Computing per-locus TR statistics
Tools used: mergeSTR, statSTR
This vignette shows how to use mergeSTR
to merge two VCF files and statSTR
to compute statistics across different sample groups for an example TR locus. It uses the example VCF files ceu_ex.vcf.gz
and yri_ex.vcf.gz
available at https://github.com/gymrek-lab/TRTools/tree/master/example-files. These VCFs were generated by GangSTR on samples sequenced by the 1000 Genomes Project. They have already been sorted and indexed.
After downloading the VCF files, we can use mergeSTR
to merge them into a single VCF:
mergeSTR --vcfs ceu_ex.vcf.gz,yri_ex.vcf.gz --out merged
This will create the output merged.vcf
. We should zip and index the file:
bgzip merged.vcf
tabix -p vcf merged.vcf.gz
Now, we can use statSTR
to compute various TR-level statistics across all samples or different groups of samples. Below, we’ll use statSTR to compute mean allele length, heterozygosity, and allele counts, separately for each population at each locus:
# Get the CEU and YRI sample lists
bcftools query -l yri_ex.vcf.gz > yri_samples.txt
bcftools query -l ceu_ex.vcf.gz > ceu_samples.txt
# Run statSTR on region chr21:35348646-35348646 (hg38)
statSTR \
--vcf merged.vcf.gz \
--samples yri_samples.txt,ceu_samples.txt \
--sample-prefixes YRI,CEU \
--out stdout \
--mean --het --acount \
--use-length \
--region chr21:34351482-34363028
Let’s go through what each option did:
--vcf
gives the required input VCF file. Since we’ll be using the--region
option, the file needs to be sorted, bgzipped, and indexed.--out
is the required output prefix. Usestdout
as in the above example to output to the terminal screen.--samples
gives a comma-separated list of files containing sample groups to plot separately. Here we want to compute YRI and CEU stats separately and have provided two files with the teo sample lists.--sample-prefixes
tells the script what to name the outputs for the different sample groups. These labels get used in the column headers of the output file.--region
: tells the script which region to process.

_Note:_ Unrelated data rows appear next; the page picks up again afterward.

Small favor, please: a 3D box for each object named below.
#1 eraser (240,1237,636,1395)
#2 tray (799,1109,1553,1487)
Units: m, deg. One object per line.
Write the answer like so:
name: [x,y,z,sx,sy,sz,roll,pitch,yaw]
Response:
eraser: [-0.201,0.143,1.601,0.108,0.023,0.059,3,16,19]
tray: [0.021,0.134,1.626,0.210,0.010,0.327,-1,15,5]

Here we’re just processing a couple loci for the sake of example.--mean
: outputs a column with the mean repeat length (in terms of number of repeat units)--het
: outputs a column with heterozygosity of the locus--acount
: outputs a column with allele counts at each locus--use-length
: Means to consider only allele lengths, rather than sequences, when computing statistics.
Here, since we have two labeled sample lists, columns will be named: <stat>-YRI
and <stat>-CEU
, where stat is either mean, het, or acount.

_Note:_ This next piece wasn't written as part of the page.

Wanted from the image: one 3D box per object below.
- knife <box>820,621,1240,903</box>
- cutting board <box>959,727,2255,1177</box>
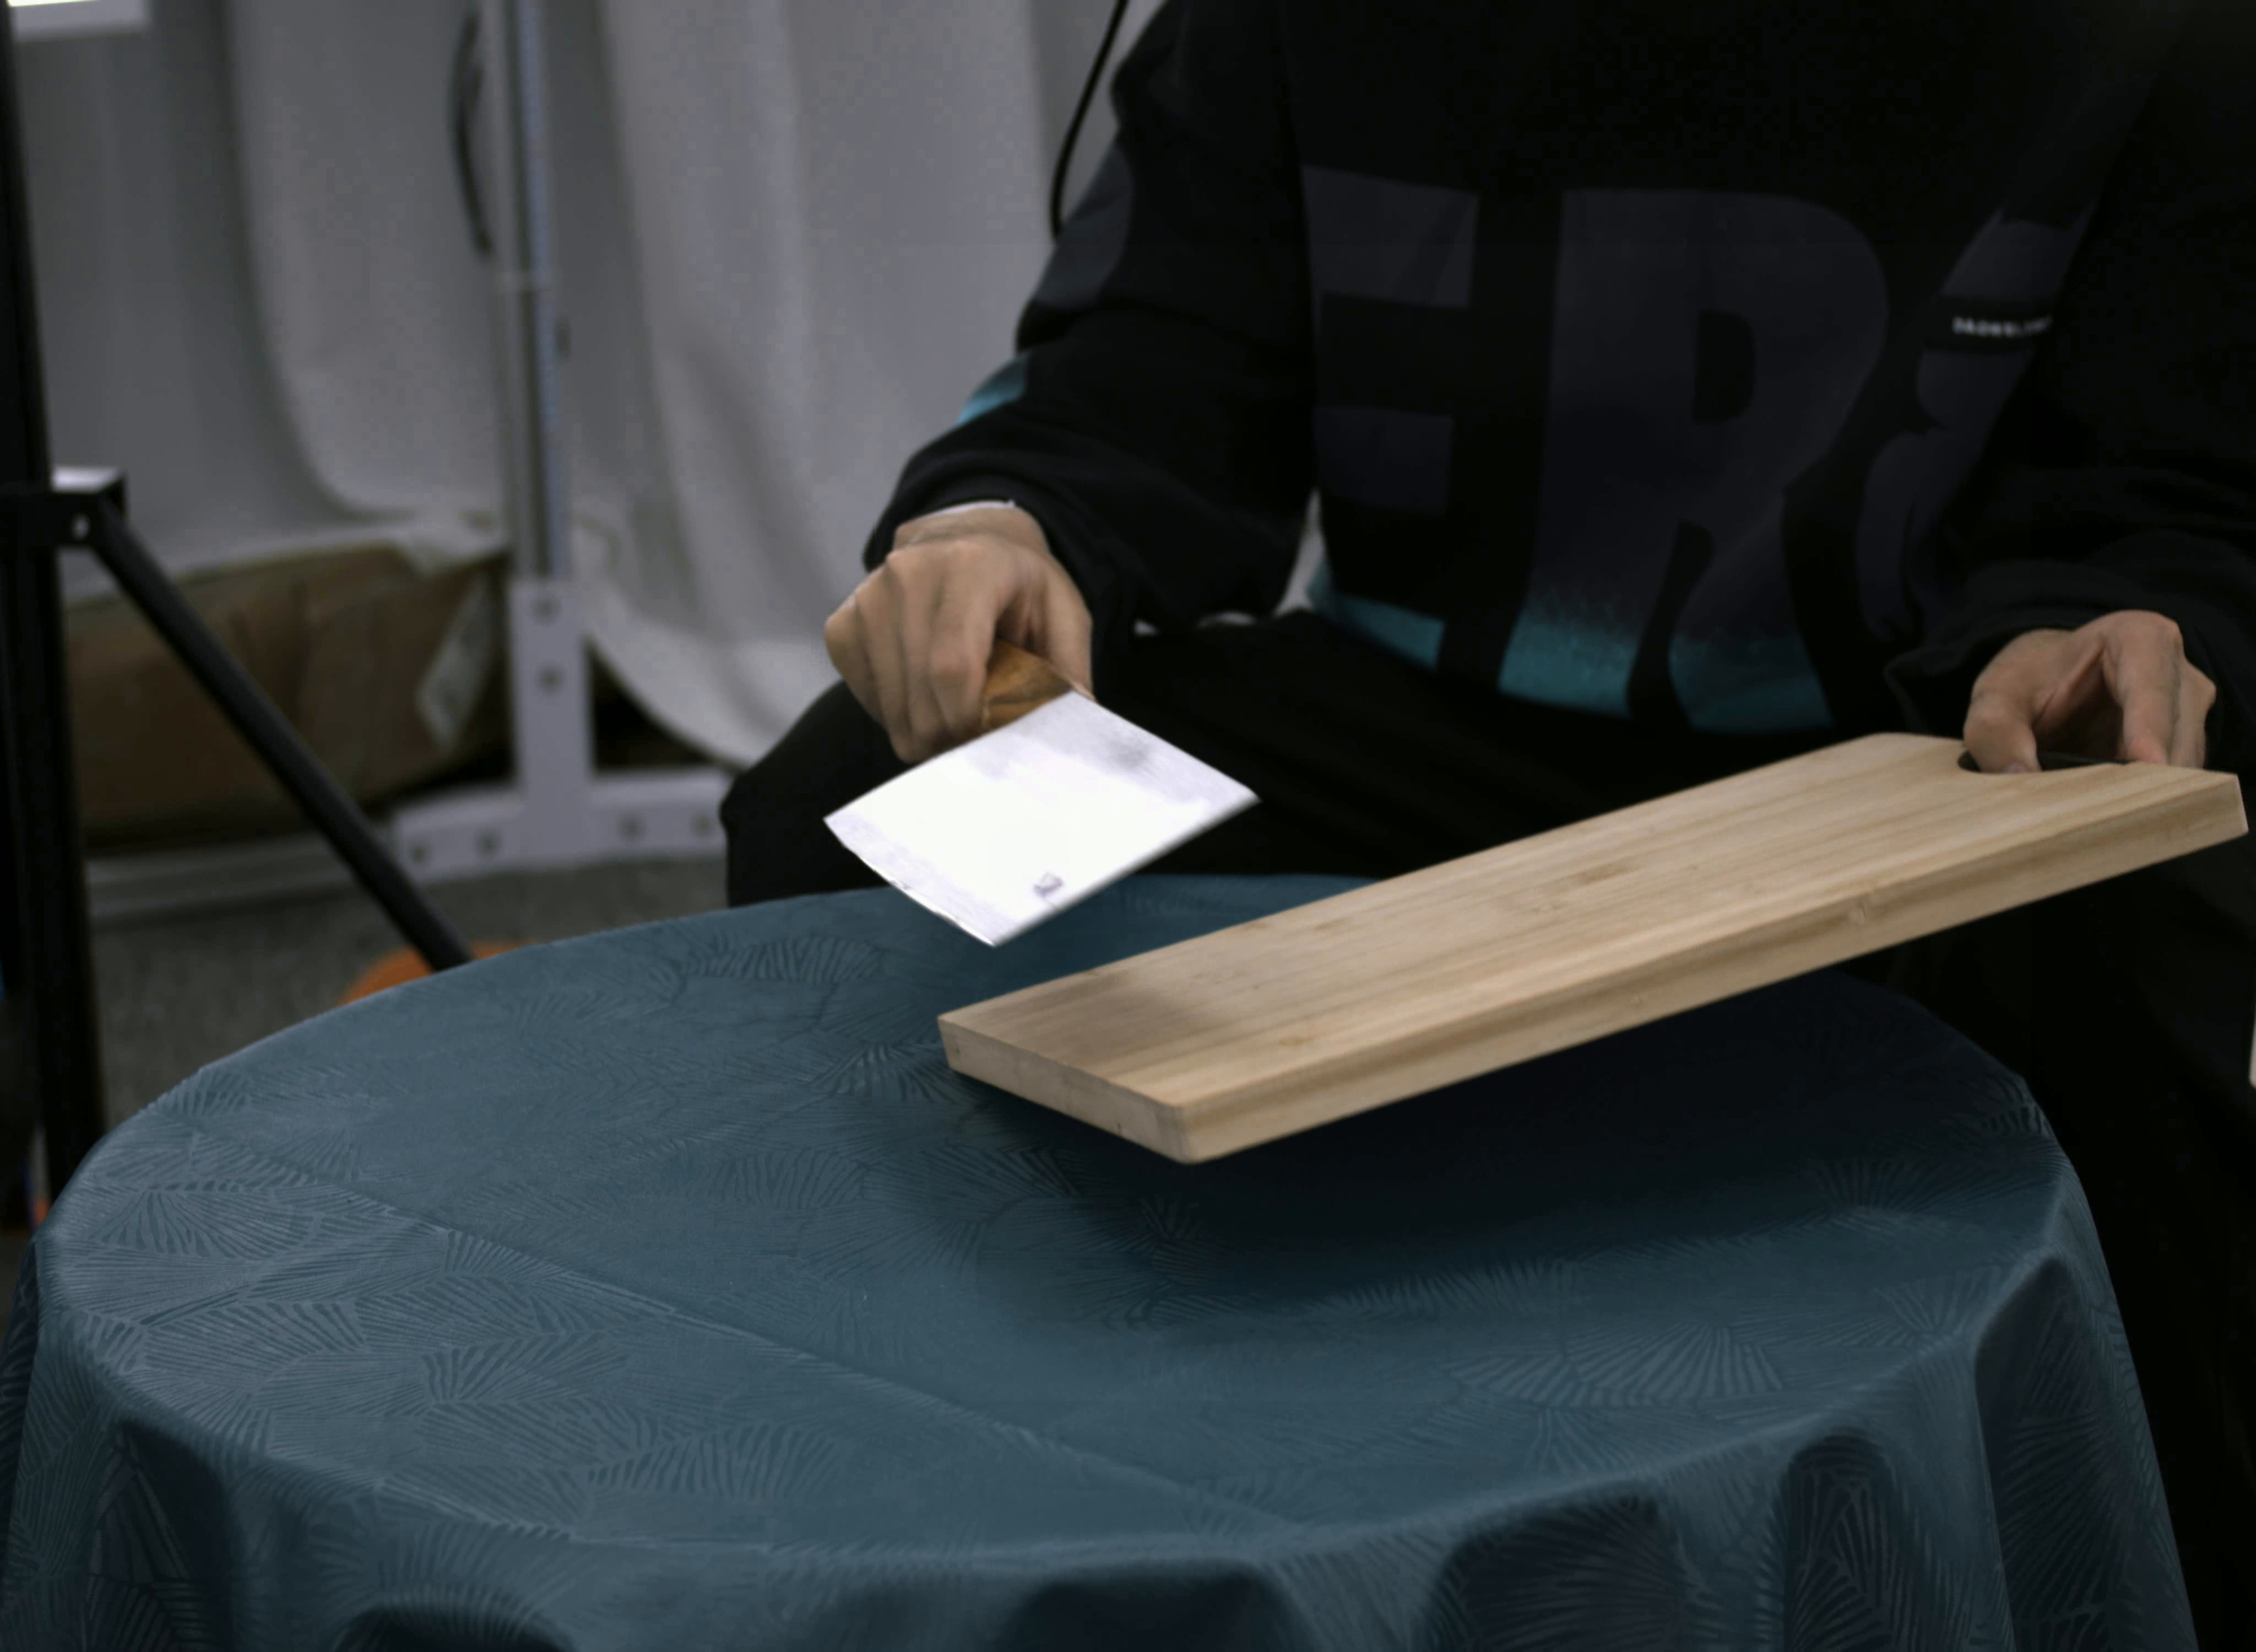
[{"bbox_3d":[-0.048,-0.019,1.650,0.092,0.021,0.310,-30,17,-10],"label":"knife"},{"bbox_3d":[0.139,0.032,1.605,0.343,0.023,0.254,-17,10,-16],"label":"cutting board"}]

The above command outputs the following:
chrom start end acount-YRI acount-CEU het-YRI het-CEU mean-YRI mean-CEU
chr21 34351482 34351499 9.0:190,10.0:24 9.0:192,10.0:4 0.19914403004629233 0.03998334027488548 9.11214953271028 9.020408163265305
chr21 34358397 34358411 14.0:19,15.0:180,16.0:15 15.0:196 0.279718752729496 0.0 14.981308411214952 15.0
chr21 34361277 34361288 3.0:214 3.0:196 0.0 0.0 3.0 3.0
chr21 34362436 34362447 3.0:214 3.0:196 0.0 0.0 3.0 3.0
chr21 34362864 34362881 3.0:212 3.0:196 0.0 0.0 3.0 3.0
chr21 34363028 34363039 4.0:65,5.0:149 4.0:142,5.0:54 0.42296270416630277 0.3992086630570595 4.696261682242991 4.275510204081632
So we can see, for example, that at the TR at chr21:34351482-34351499, there were 109 YRI alleles with 9 repeats and 24 with 10 repeats. Similarly, the mean length was 9.1 in YRI and 9.0 in CEU.